TASK DESCRIPTION: Copy each line of the records below that has "around" in it.

[Collected data]
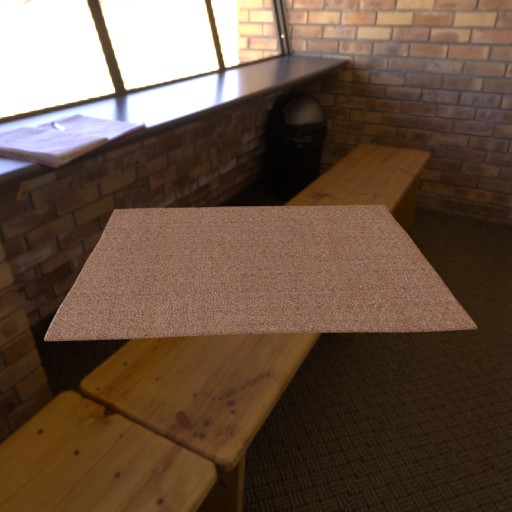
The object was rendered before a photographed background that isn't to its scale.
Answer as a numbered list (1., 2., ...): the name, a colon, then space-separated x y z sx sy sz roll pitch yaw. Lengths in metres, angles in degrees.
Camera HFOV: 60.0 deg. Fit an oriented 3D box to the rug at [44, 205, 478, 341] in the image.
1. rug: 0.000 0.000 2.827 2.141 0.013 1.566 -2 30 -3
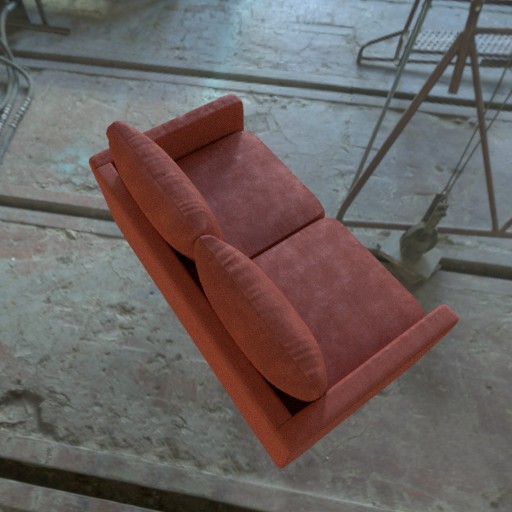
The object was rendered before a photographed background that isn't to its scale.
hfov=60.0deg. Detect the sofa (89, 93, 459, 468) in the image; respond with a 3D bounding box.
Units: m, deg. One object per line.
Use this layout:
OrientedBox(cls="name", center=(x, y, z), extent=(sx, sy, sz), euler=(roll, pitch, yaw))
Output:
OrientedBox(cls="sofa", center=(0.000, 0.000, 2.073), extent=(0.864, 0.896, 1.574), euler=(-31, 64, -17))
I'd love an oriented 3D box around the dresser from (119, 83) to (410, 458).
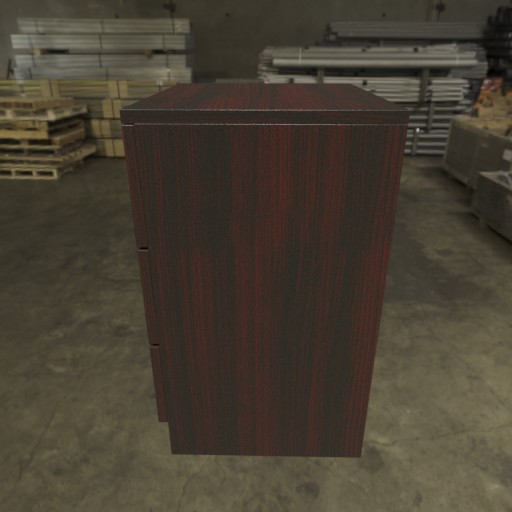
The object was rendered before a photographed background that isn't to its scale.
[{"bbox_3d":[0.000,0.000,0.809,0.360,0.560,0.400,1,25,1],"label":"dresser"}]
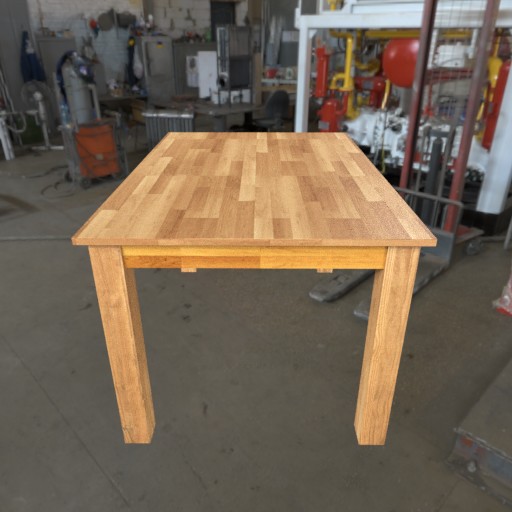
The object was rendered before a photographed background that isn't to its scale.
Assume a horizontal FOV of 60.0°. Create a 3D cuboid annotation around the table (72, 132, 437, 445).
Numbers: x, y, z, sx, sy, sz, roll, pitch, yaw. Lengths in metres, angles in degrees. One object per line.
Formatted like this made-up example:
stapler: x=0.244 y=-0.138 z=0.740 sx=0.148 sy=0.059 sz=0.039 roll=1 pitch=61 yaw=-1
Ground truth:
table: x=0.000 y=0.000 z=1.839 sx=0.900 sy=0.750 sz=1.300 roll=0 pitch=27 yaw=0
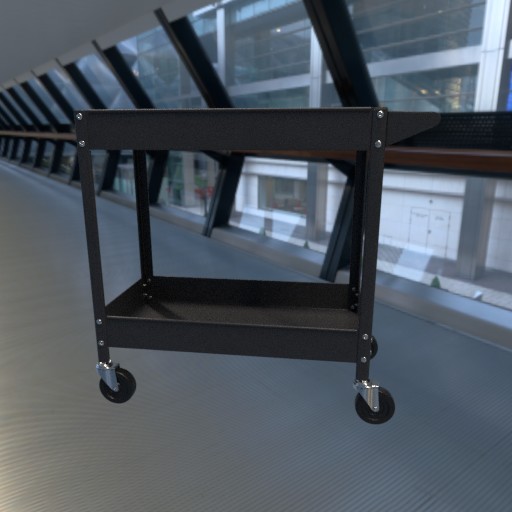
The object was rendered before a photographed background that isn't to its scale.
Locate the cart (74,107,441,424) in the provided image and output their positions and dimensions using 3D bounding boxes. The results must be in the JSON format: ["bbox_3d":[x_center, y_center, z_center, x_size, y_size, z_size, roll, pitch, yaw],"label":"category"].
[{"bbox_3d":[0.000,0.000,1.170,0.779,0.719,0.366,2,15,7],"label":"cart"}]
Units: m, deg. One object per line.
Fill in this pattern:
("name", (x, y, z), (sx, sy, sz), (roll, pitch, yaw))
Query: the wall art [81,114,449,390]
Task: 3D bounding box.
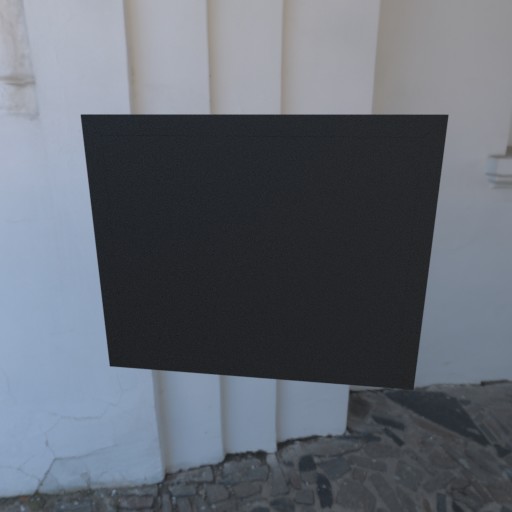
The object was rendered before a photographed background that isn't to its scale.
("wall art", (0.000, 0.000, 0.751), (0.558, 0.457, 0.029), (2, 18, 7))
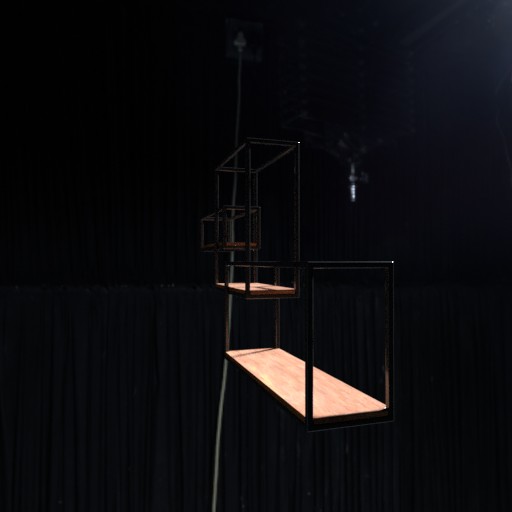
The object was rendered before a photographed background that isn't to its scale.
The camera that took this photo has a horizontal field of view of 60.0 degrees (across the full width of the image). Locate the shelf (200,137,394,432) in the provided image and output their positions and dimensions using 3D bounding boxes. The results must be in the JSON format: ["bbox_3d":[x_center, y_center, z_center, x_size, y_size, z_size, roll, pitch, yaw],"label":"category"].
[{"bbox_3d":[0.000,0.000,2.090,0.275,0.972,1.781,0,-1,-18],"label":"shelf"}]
...
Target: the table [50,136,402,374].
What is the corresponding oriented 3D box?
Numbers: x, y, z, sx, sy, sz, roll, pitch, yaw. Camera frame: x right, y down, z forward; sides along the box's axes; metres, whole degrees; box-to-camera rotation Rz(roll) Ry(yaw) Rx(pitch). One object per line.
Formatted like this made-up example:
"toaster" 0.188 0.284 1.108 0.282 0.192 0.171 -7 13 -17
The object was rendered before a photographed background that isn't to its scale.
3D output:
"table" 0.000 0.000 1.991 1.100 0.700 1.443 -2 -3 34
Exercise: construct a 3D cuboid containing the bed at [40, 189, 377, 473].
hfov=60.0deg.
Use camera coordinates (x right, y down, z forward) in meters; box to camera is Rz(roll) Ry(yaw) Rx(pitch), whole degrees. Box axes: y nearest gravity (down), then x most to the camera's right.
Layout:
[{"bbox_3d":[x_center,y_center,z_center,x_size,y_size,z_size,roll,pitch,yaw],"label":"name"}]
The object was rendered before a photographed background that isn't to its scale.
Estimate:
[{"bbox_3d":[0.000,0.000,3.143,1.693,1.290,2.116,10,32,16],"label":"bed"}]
==
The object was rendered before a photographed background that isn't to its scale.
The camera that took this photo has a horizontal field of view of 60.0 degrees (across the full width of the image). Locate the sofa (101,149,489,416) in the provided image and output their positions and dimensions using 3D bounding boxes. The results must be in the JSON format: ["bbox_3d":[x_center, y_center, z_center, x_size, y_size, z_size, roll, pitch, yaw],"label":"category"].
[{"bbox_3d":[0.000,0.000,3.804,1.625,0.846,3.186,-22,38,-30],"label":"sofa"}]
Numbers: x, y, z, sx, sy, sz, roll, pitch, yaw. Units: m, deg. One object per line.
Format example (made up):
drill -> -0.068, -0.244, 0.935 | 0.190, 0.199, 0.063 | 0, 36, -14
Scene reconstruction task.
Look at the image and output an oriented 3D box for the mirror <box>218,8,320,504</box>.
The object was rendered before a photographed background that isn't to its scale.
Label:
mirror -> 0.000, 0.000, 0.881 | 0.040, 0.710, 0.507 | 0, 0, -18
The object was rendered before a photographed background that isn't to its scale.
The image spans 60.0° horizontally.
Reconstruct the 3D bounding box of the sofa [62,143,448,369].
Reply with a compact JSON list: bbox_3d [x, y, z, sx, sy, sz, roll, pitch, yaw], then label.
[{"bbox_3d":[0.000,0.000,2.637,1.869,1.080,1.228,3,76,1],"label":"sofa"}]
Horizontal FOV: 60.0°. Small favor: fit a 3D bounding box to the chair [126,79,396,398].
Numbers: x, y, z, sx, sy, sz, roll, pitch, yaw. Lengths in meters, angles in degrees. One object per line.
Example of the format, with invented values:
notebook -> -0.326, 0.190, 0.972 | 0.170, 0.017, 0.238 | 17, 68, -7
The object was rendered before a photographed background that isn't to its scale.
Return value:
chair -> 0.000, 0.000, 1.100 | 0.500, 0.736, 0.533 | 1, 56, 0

FINAL ANSWER:
I'd love an oriented 3D box around the dresser from (119, 83) to (410, 458).
Assume a horizontal FOV of 60.0°. Create a 3D cuboid annotation around the table (72, 132, 437, 445).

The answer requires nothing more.